Scotland and Northern Ireland have also chosen to implement similar temporary measures to try and get a hold of cases.

And Labour's Sir Keir Starmer has said England must follow suit, too.

But the PM has rejected such an idea for England, saying he believes a regional approach is still the best.

When asked if England could follow suit with a "circuit breaker" lockdown, No10 stood firm on their position.

The PM's spokesman said: “The PM continues to believe that targeted local action in those areas of high prevalence of the virus is the correct course.”.

Ministers said earlier it wouldn't make sense to impose national lockdowns on places like Herefordshire and Somerset which are not seeing a big rise in cases.

The Welsh First Minister said the fire-break was the "shortest" it could be, but the narrow time frame means it will have to be "sharp and deep" to cull new infection rates.

He said this lunchtime: "There are no easy choices in front of us as the virus spreads rapidly in every part of Wales.

"We know if we do not act now it will continue to accelerate and there is a very real risk our NHS will be overwhelmed."

The First Minister warned Wales would be looking at an "open ended national lockdown" if urgent action wasn't taken.

There were 4,127 new coronavirus cases in Wales last week – an infection rate of 130 cases per 100,000.
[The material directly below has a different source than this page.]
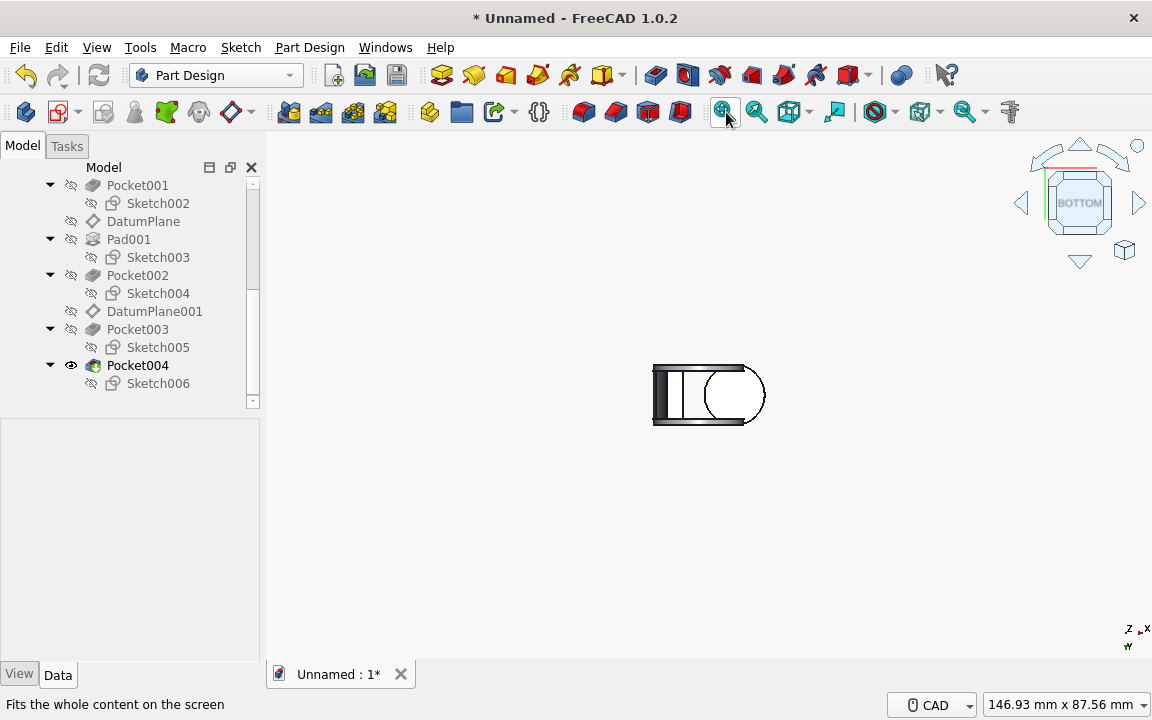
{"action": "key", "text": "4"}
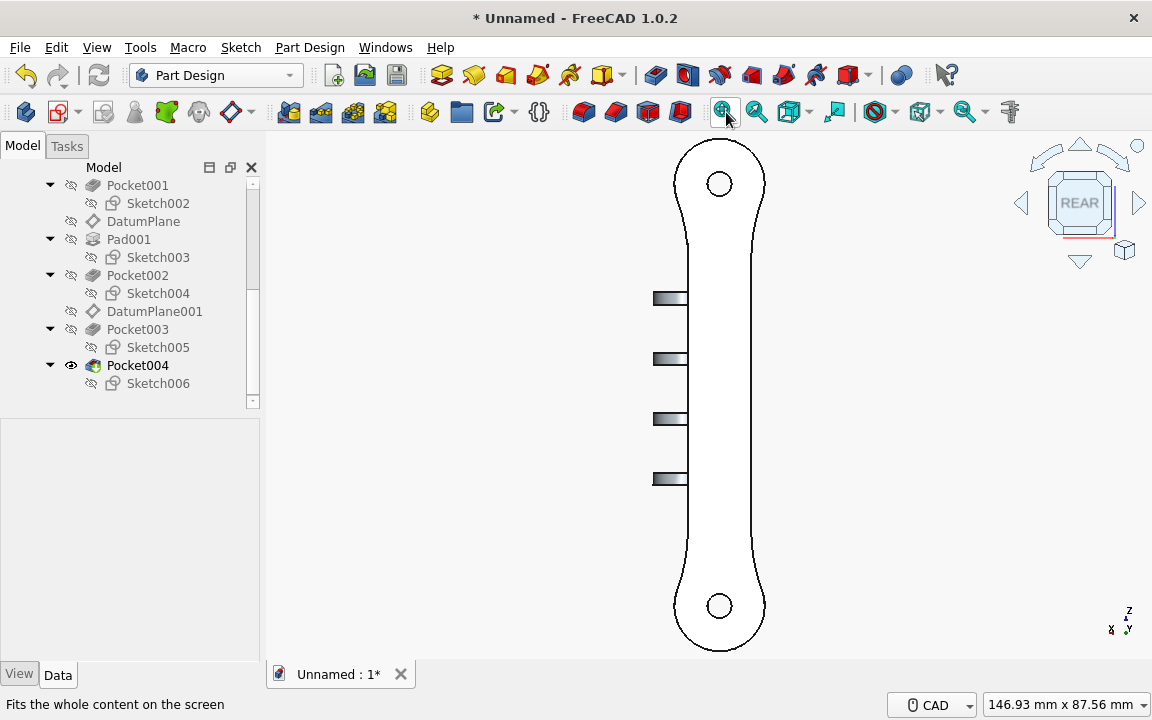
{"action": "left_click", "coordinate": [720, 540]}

There were almost 1,000 new coronavirus cases in Wales yesterday, and hospital admissions were up 40 per cent in the last week.

The R rate – or rate of transmission of the virus – sits between 1.1 and 1.4 in Wales.
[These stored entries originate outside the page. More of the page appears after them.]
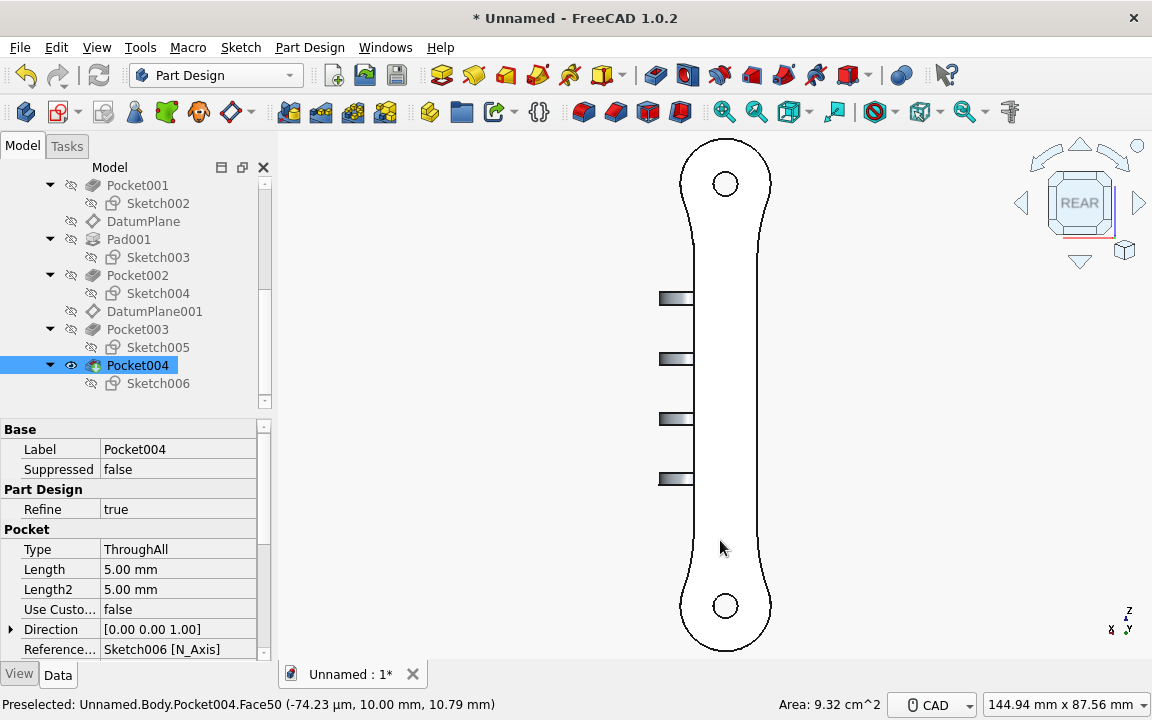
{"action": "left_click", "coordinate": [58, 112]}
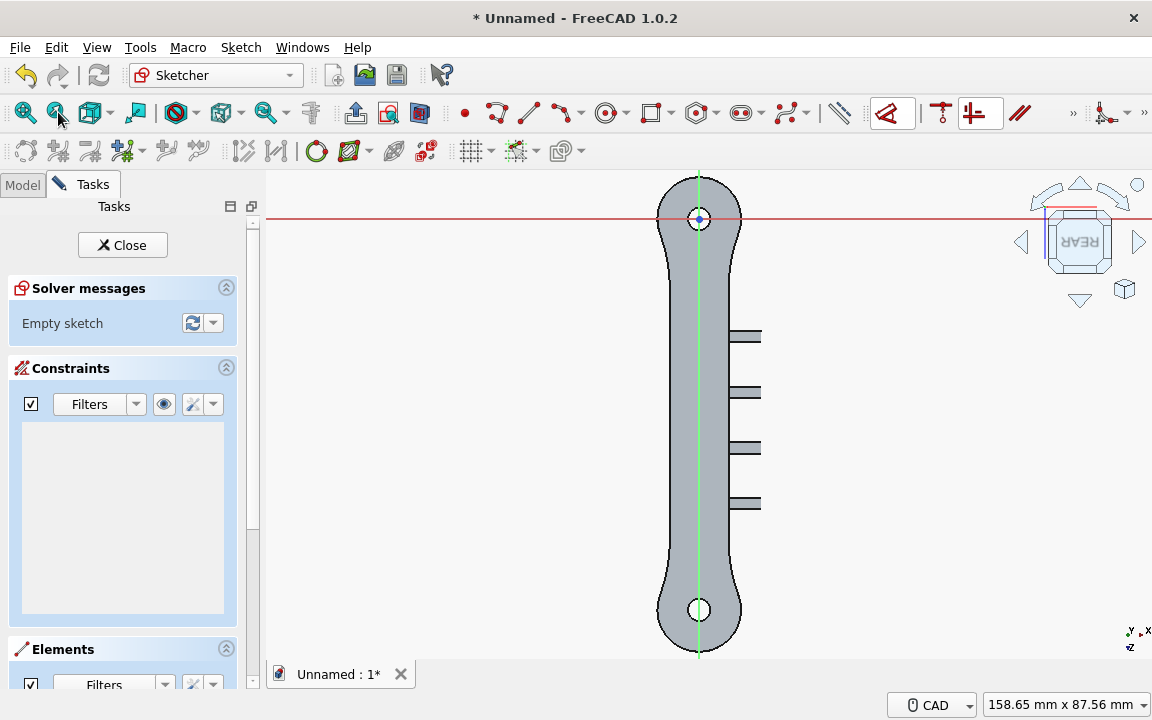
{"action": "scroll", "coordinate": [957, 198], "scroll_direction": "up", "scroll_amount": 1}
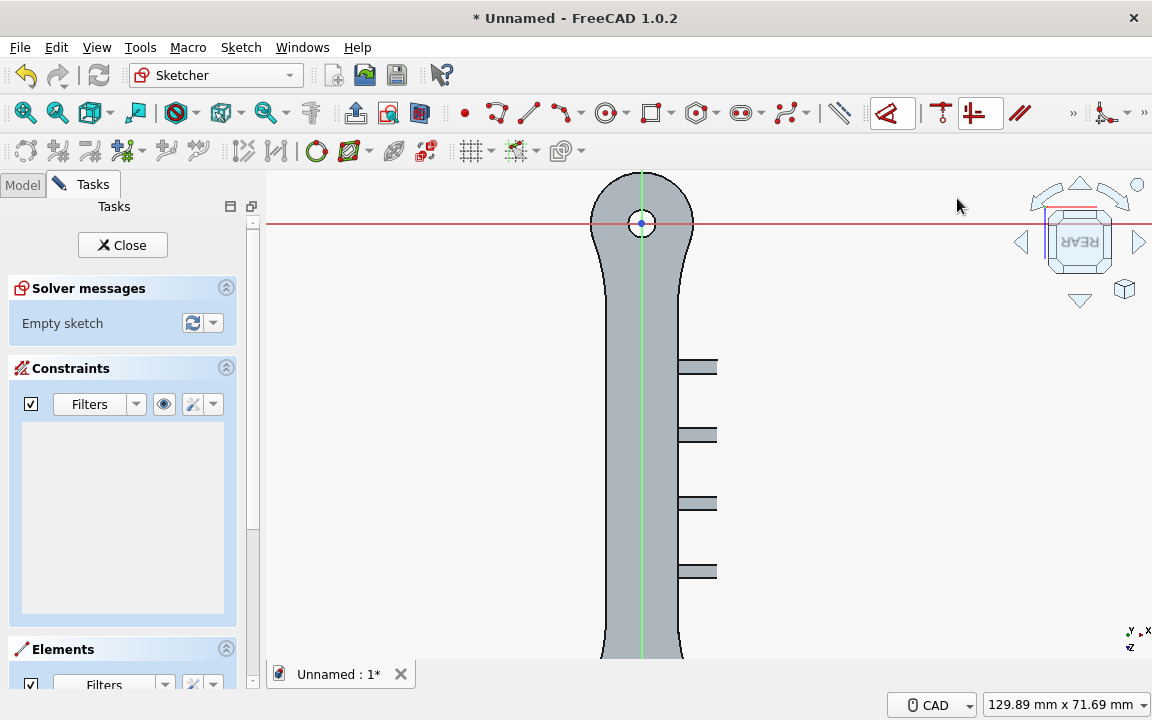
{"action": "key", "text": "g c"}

He said: "Unless we act… even more people will die from this deadly virus."

"Of course this will not be easy, but if we act together, we will succeed."
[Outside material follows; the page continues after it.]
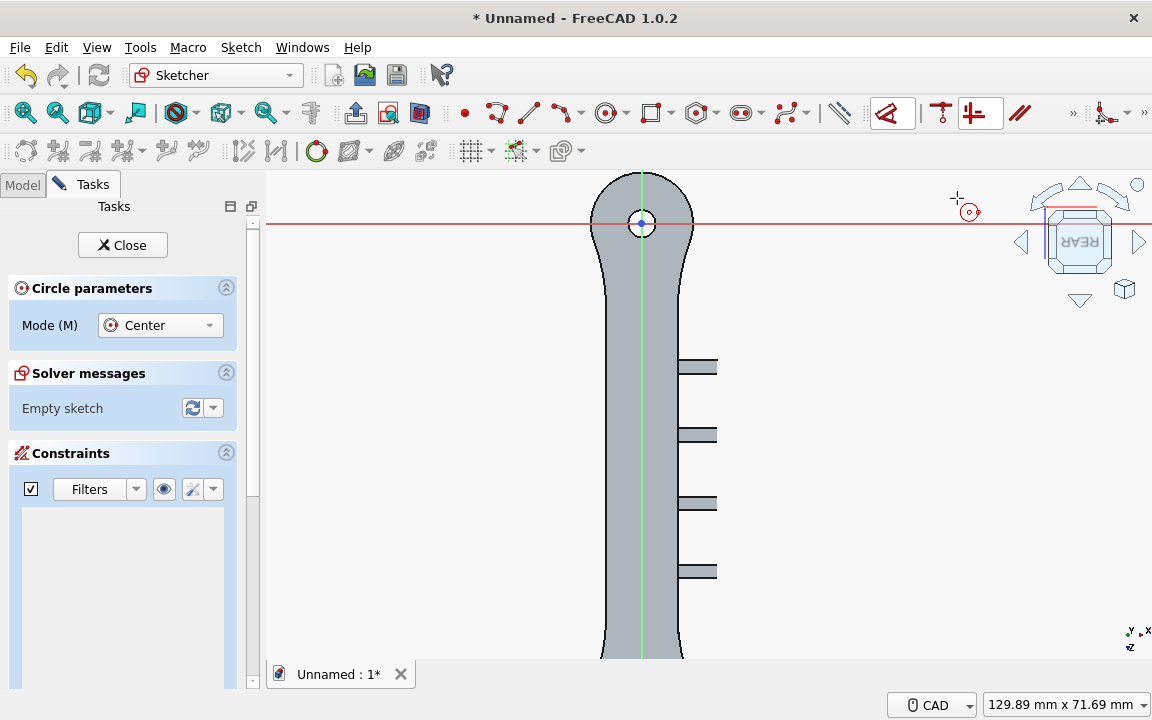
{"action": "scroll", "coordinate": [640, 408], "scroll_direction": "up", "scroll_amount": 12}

The Welsh Government has also created a £300 million financial package to give grants to help businesses stay afloat.

Businesses eligible for rates relief will be able to access £1000 grants.

Small and medium retail, leisure and hospitality businesses forced to close will get a one off payment of up to £5000.


Welsh circuit breaker rules

  • Follow strict stay at home orders
  • Pubs, restaurants and all non-essential retail will be closed
  • No meeting with anyone outside your household
  • No alcohol sales after 10pm
  • Leisure centres and services, including gyms, will have to close
  • Professional sports will be able to continue
  • Hairdressers and beauty services will have to close
  • No gatherings will be allowed outdoors including Halloween and fireworks on Bonfire night

 

Las week, Mr Drakeford set himself on a collision course with Mr Johnson by saying Wales' border would be closed to people from coronavirus hotspots in England.

Anyone breaking the border ban would even be fined £50.

But the demands fell flat when the Police Federation of England and Wales said "policing in Wales is already over-stretched due to the pandemic" and it would be difficult to enforce measures.

Northern Ireland and Scotland are both in the middle of circuit breaker lockdowns to try and get on top of new coronavirus infections after the Government's Sage committee of experts threw their support behind short national shutdowns.

Scots are unable to drink alcohol in pubs and restaurants, which all have to close at 6pm daily.

People in Northern Ireland are also living under strict rules, with pubs, schools and restaurants forced to close for four weeks.

Labour politicians, including Manchester Mayor Andy Burnham and Sir Keir Starmer, are demanding the whole country is put under tight lockdown rules for two weeks.

But over the weekend, Labour frontbencher Rachel Reeves admitted England could face a series of lockdowns to stop new infections.

Housing Secretary Robert Jenrick flatly rejected out a short lockdown this morning.

He said:"The argument for a national circuit-breaker is not one that I, personally, find, at all persuasive.

"This is to apply on a blanket level – the same approach in Nottingham, the city which my constituency is next to, where the number of cases today is well over 700, to Somerset or Herefordshire, where the number of cases per 100,000 is below 40.

"The damage to the economy and to our broader health and wellbeing that would be brought about by a circuit-break, I think, would be very, very significant.

"And so the Government's approach is a localised, a proportionate and localised, approach for as long as there is such wide variations in infection."